The data ->
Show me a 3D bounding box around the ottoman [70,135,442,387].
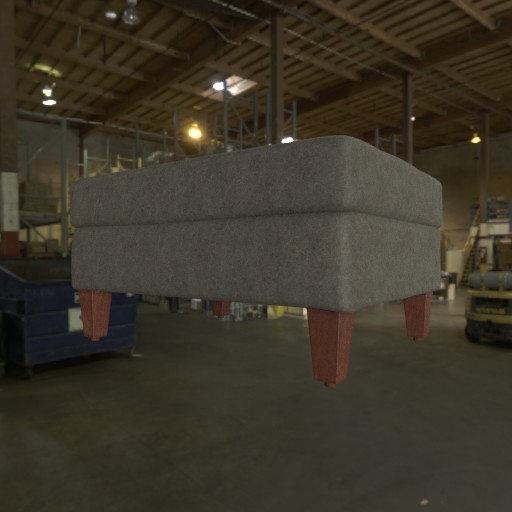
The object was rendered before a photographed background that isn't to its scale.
[{"bbox_3d":[0.000,0.000,1.224,0.839,0.464,0.639,0,0,36],"label":"ottoman"}]

Your task -> Only the lines from the one containing "The object was" to the end of the listing belong in the output, each reproduced exactly.

Answer to the problem ->
The object was rendered before a photographed background that isn't to its scale.
[{"bbox_3d":[0.000,0.000,1.224,0.839,0.464,0.639,0,0,36],"label":"ottoman"}]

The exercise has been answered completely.